Wednesday, February 6, 2008

If You Love Something, Set It Free (unless it’s a puppy!)


“If you love something, set it free. If it comes back to you, it's yours. If it doesn't, it never was.” Anonymous

While I generally agree with the wisdom of this, I think for it to be true, the thing that is being set free must know how to come back and have the maturity to do so—in other words, not necessarily applicable to puppies!

One of my fondest, crazy stories about Dog has to do with this very idea and it occurred when he was just a puppy…

Once Dog had all of his shots I started taking him on his soon-to-become daily walks.

Part of the joy of this routine quickly became the friends (both human and canine) that we began to meet along the way. Dog would approach warily at first, like the awkward guy at the singles bar. He would sniff and circle and then suddenly pounce, wanting to play. (Insert your own joke about singles bars here.)

I would strike up a conversation with the human on the other end of the leash and, like young mothers meeting at the park, we would exchange pleasantries about the weather, potty training and the merits of various experts such as Dr. Brazelton or The Dog Whisperer.

One of our regular canine pals was Joey, a big, handsome, gray, curly-haired dog. Joey was a good 30-40 pounds bigger than Dog, but he (and his owners) had a sweet disposition and we all got to be fast friends.

We would frequently meet on our walks and the dogs would circle and play with each other (and growl a little) as dogs often do when they are on their leash.

In our very well-behaved, very proper neighborhood we often see dogs off their leashes who walk calmly next to their owners as if they were on parade at the Westminster Kennel Show. These Über-dogs respond to a command the first time and were certainly the darlings of their obedience classes. Dog and I (me, mostly) are a teeny bit envious.

Being the procrastinator that I am, I had not taken Dog to obedience training yet (uh, and still haven’t almost two years later…) and we had never let him off the leash outside of our own backyard. But on one particular morning when the sun was shining brightly and it felt like everything was right with the world and I was feeling wild and optimistic and trusting in the Universe, when Joey’s parents suggested we let them off the leash to play, I was game.

“Will he run across the street?” I asked meekly, a little embarrassed about being overprotective and concerned about peer pressure and bad influences—everything you worry about when first letting someone you love go to be free to make their own decisions after being tightly controlled, under your watchful eye for so long.

“Oh, No!

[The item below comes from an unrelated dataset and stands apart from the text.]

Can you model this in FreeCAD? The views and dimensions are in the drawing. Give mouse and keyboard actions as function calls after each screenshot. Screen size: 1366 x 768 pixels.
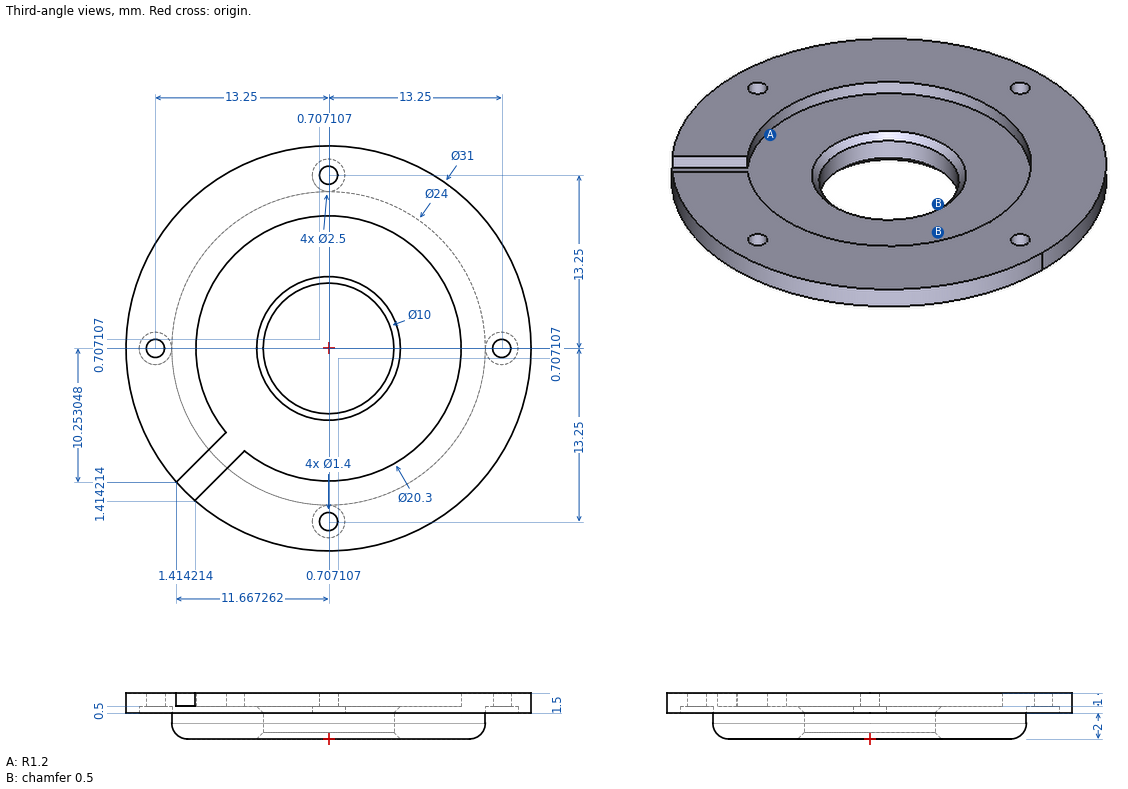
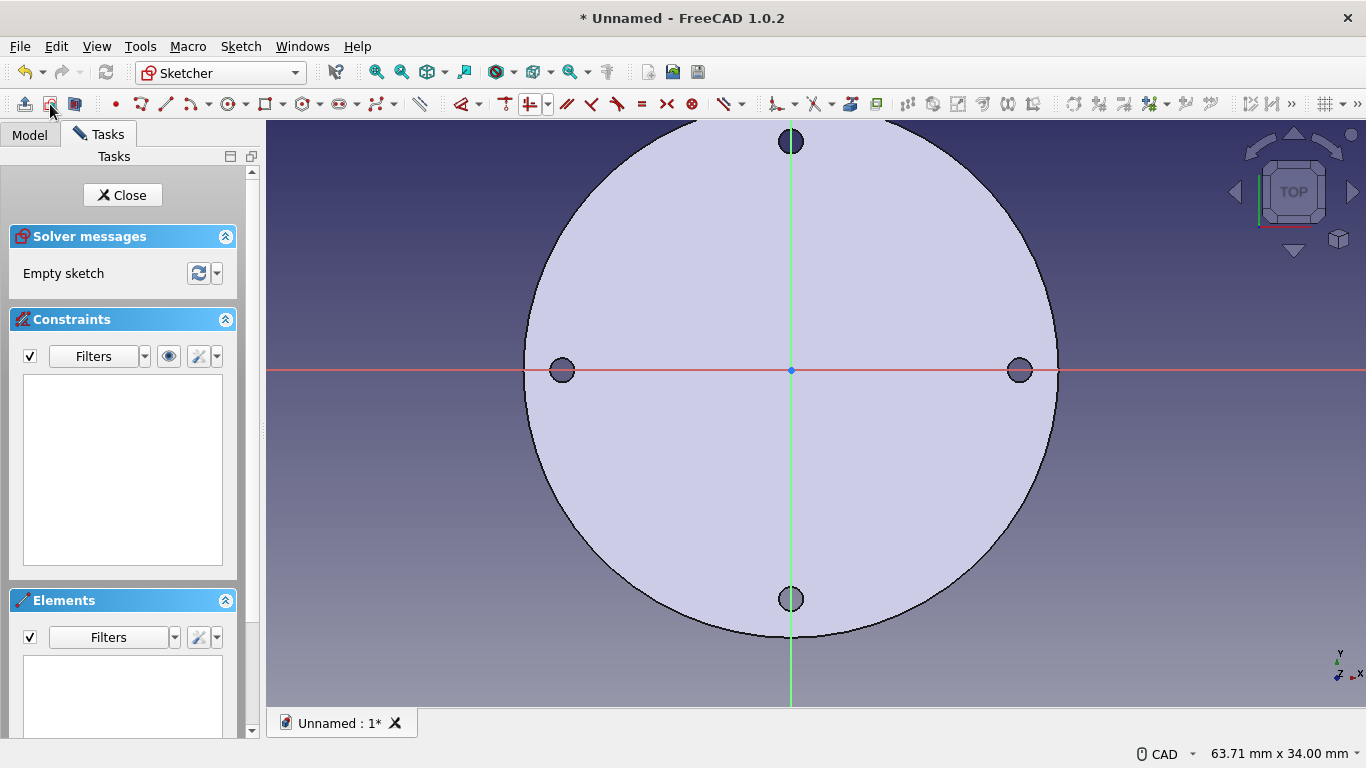
click(228, 104)

He never goes across the street! He’s very good!” Joey’s parents assured me.

So, feeling happy and optimistic and trusting, I unlatched Dog’s leash so that he and his friend could play freely.

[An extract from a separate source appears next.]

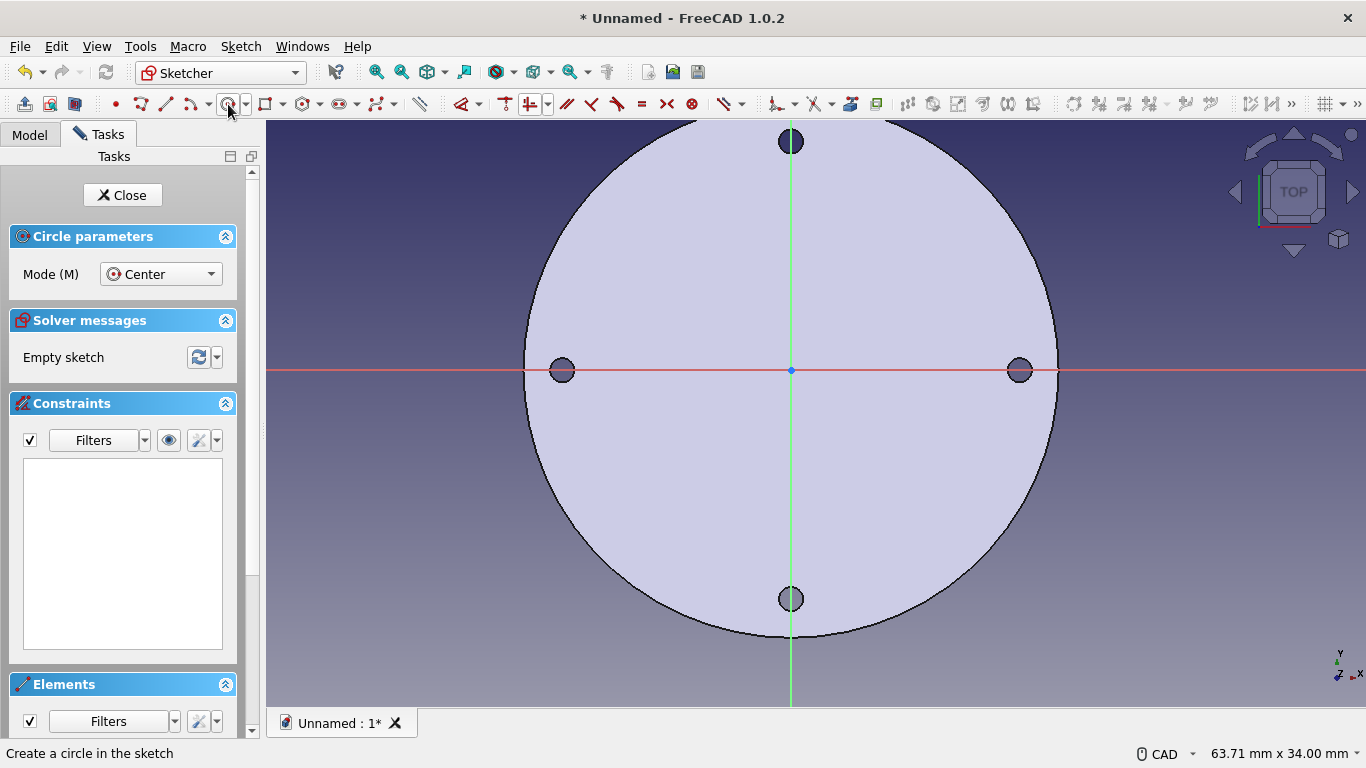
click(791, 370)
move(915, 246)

Thrilled, the dogs chased each other around the park, hardly believing their good fortune in relinquishing the leashes. Then, in less than a minute, Joey gave Sunny a look that said, “Let’s ditch these human losers while we have the chance,” and Joey bolted across the main road of our neighborhood, running hard in some random (to me anyway) direction.

And what did Dog do? Did he look over at me to see if it was ok to follow his friend? Did he even consider my feelings? Or the dangers lurking beyond the safety of my loving protection?

Not for a moment! Dog took off like a lightning bolt, chasing his friend across the forbidden road, with nary a glance in my direction. I didn’t pause to see the horrified reactions of Joey’s parents or to make a funny comment about the irony of it all.

I just ran.

I don’t think I ran for long (Thank, Dog!) But I do know that I ran as fast as I could imagine without feeling tired. I entered a new dimension and I think I could have run a marathon without being aware of time or space. And my mind was racing, too. In the few moments from the time I crossed the street from the park, my brain ran through a million terrible thoughts.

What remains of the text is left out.